3.1 Microsoft Azure Hosting

Our website is hosted on Microsoft Azure servers. The provider is Microsoft Corporation, One Microsoft Way, Redmond, WA 98052-6399, USA (hereinafter "Azure").

Server Locations:

Azure West Europe (Netherlands)
Azure Germany West Central
All servers are located within the European Union

Processed Data:

IP address of the accessing computer
Date and time of the request
Time zone difference to Greenwich Mean Time (GMT)
Content of the request (specific page)
Access status/HTTP status code
Amount of data transferred in each case
Website from which the request comes (referrer)
Browser and operating system

Purpose: The processing is necessary to provide the website, ensure system security, and defend against attacks.

Legal Basis: Art. 6(1)(f) GDPR (legitimate interest in providing and securely operating our website).

Storage Duration: Server log files are stored for a maximum of 90 days and then automatically deleted.

Data Transfer: All servers are located in the European Union. No transfer to third countries occurs. Microsoft Azure processes data on our behalf under a standard Data Processing Agreement (DPA) in accordance with Art. 28 GDPR.

3.2 Azure Content Delivery Network (CDN)

We use Azure CDN to deliver website content faster and more reliably. All resources (fonts, scripts, stylesheets, images) are hosted on our own Azure CDN infrastructure.

Processed Data:

IP address (for routing purposes only)
Requested resources
Technical access data (browser, timestamp)

Purpose: Fast and reliable delivery of website content, improvement of loading times.

Legal Basis: Art. 6(1)(f) GDPR (legitimate interest in providing a fast, reliable website).

Special Note: We host all resources (including fonts) on our own CDN. No data is shared with external providers like Google Fonts or external CDNs. This ensures maximum privacy protection for our visitors.

Storage Duration: CDN logs are stored for a maximum of 90 days.

4. Web Analytics with Plausible Analytics

We use Plausible Analytics, a privacy-friendly web analytics tool, to analyze and improve the use of our website.
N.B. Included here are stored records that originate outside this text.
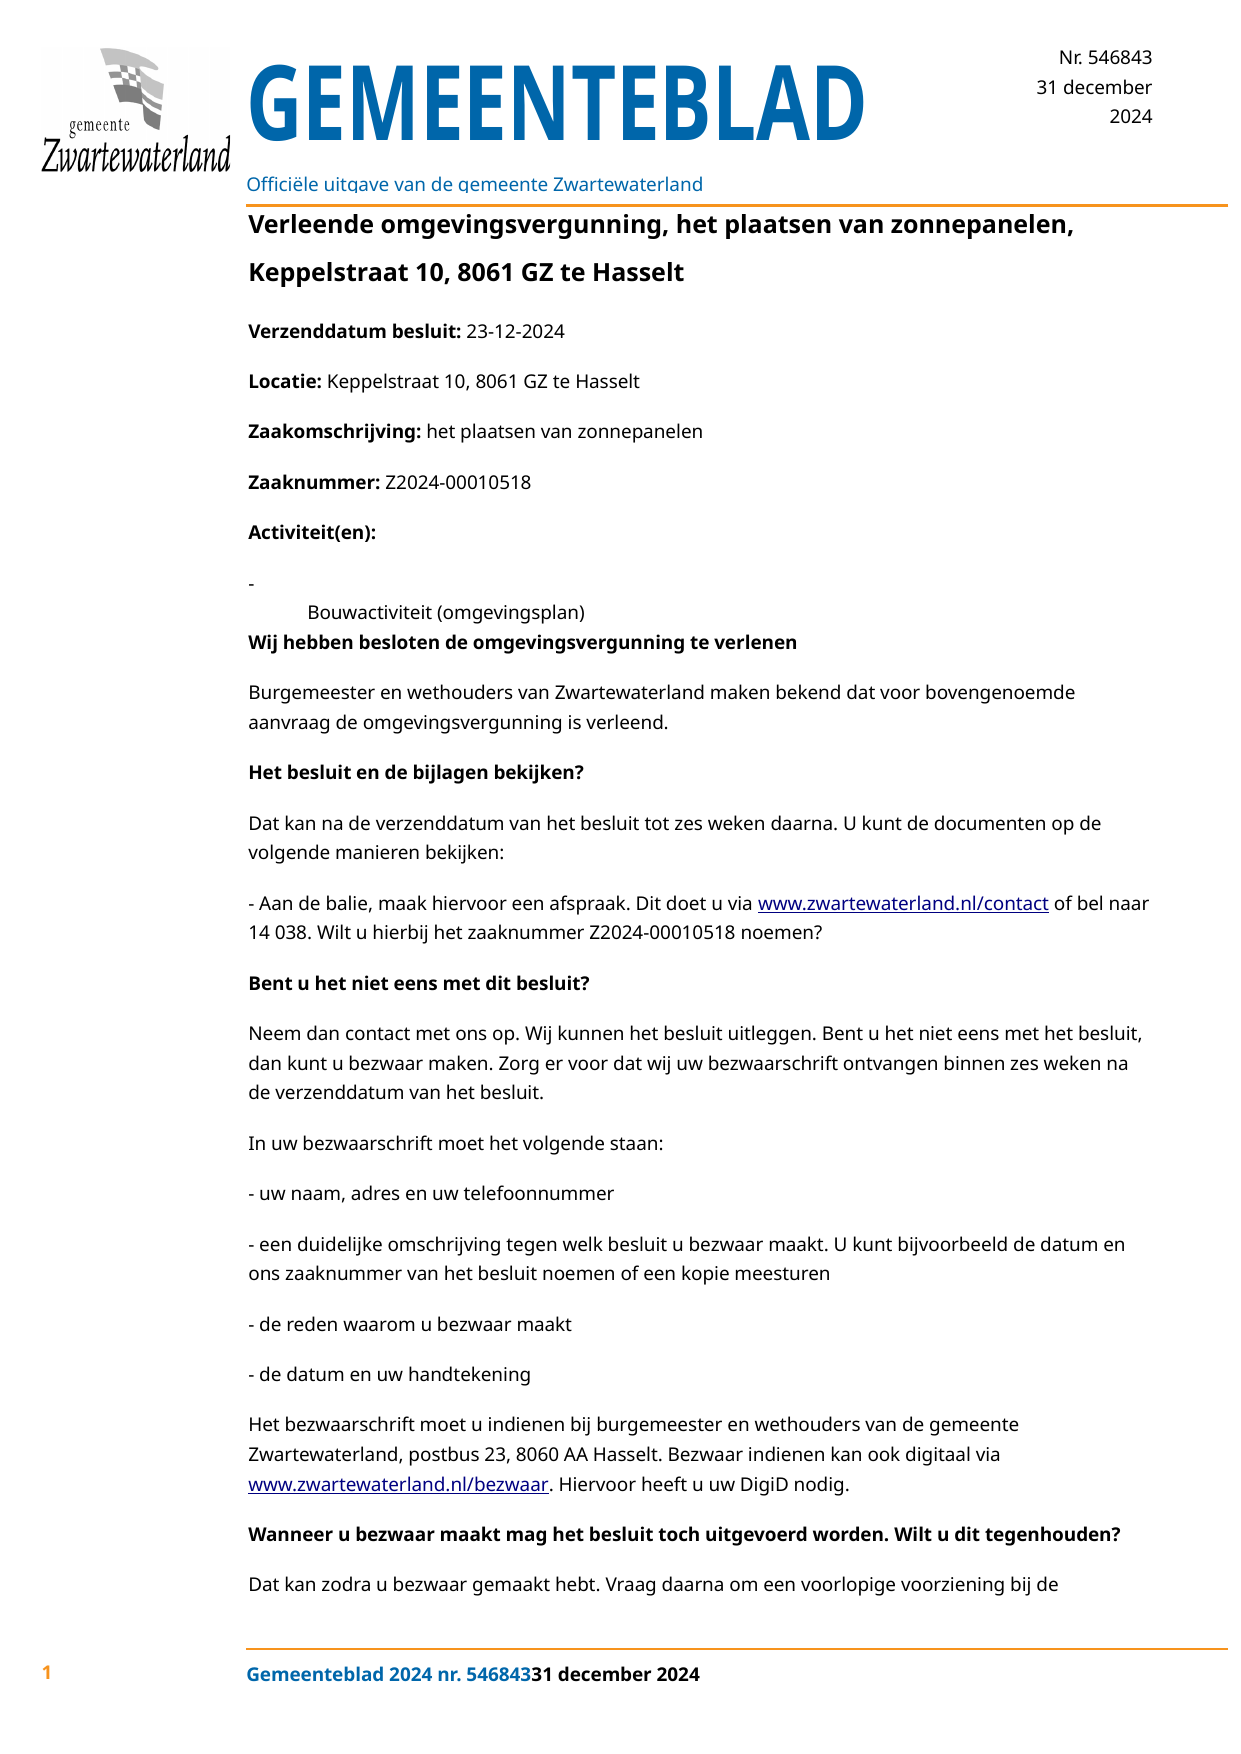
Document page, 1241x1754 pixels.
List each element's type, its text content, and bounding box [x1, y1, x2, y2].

text - uw naam, adres en uw telefoonnummer [248, 1180, 1152, 1206]
text Verleende omgevingsvergunning, het plaatsen van zonnepanelen, Keppelstraat 10, 8061 GZ te Hasselt [248, 207, 1152, 288]
text Zaakomschrijving: het plaatsen van zonnepanelen [248, 419, 1152, 444]
text Dat kan zodra u bezwaar gemaakt hebt. Vraag daarna om een voorlopige voorziening bij de [248, 1572, 1152, 1597]
text - Aan de balie, maak hiervoor een afspraak. Dit doet u via www.zwartewaterland.nl/contact of bel naar 14 038. Wilt u hierbij het zaaknummer Z2024-00010518 noemen? [248, 890, 1152, 945]
list Bouwactiviteit (omgevingsplan) [248, 599, 1152, 625]
text Neem dan contact met ons op. Wij kunnen het besluit uitleggen. Bent u het niet eens met het besluit, dan kunt u bezwaar maken. Zorg er voor dat wij uw bezwaarschrift ontvangen binnen zes weken na de verzenddatum van het besluit. [248, 1020, 1152, 1105]
text In uw bezwaarschrift moet het volgende staan: [248, 1130, 1152, 1156]
text Wanneer u bezwaar maakt mag het besluit toch uitgevoerd worden. Wilt u dit tegenhouden? [248, 1521, 1152, 1547]
text Locatie: Keppelstraat 10, 8061 GZ te Hasselt [248, 368, 1152, 394]
text Activiteit(en): [248, 519, 1152, 545]
text Bent u het niet eens met dit besluit? [248, 970, 1152, 996]
text - de datum en uw handtekening [248, 1361, 1152, 1387]
text - de reden waarom u bezwaar maakt [248, 1311, 1152, 1337]
picture [41, 47, 231, 172]
text Wij hebben besloten de omgevingsvergunning te verlenen [248, 629, 1152, 655]
text Burgemeester en wethouders van Zwartewaterland maken bekend dat voor bovengenoemde aanvraag de omgevingsvergunning is verleend. [248, 679, 1152, 735]
text Verzenddatum besluit: 23-12-2024 [248, 318, 1152, 344]
text Dat kan na de verzenddatum van het besluit tot zes weken daarna. U kunt de documenten op de volgende manieren bekijken: [248, 810, 1152, 865]
text Zaaknummer: Z2024-00010518 [248, 469, 1152, 495]
text Het besluit en de bijlagen bekijken? [248, 759, 1152, 785]
text Het bezwaarschrift moet u indienen bij burgemeester en wethouders van de gemeente Zwartewaterland, postbus 23, 8060 AA Hasselt. Bezwaar indienen kan ook digitaal via www.zwartewaterland.nl/bezwaar. Hiervoor heeft u uw DigiD nodig. [248, 1412, 1152, 1497]
text - een duidelijke omschrijving tegen welk besluit u bezwaar maakt. U kunt bijvoorbeeld de datum en ons zaaknummer van het besluit noemen of een kopie meesturen [248, 1231, 1152, 1286]

Plausible is self-hosted on our own Azure infrastructure.

Special Features of Plausible:

✓ No cookies are set
✓ No collection of personal data
✓ IP addresses are not stored
✓ No data sharing with third parties
✓ 100% GDPR compliant
✓ Self-hosted on our own servers

Processed Data:

Pages visited
Referrer (where the visitor came from)
Browser and operating system (anonymized)
Device type (desktop, mobile, tablet)
Country (derived by temporarily processing the IP address to determine location; the IP address itself is NOT stored)

Purpose:

Analysis of user behavior to improve the website
Detection of technical problems
Optimization of user experience
Understanding which information is most relevant to visitors

Legal Basis: Art. 6(1)(f) GDPR (legitimate interest in analyzing and improving our website).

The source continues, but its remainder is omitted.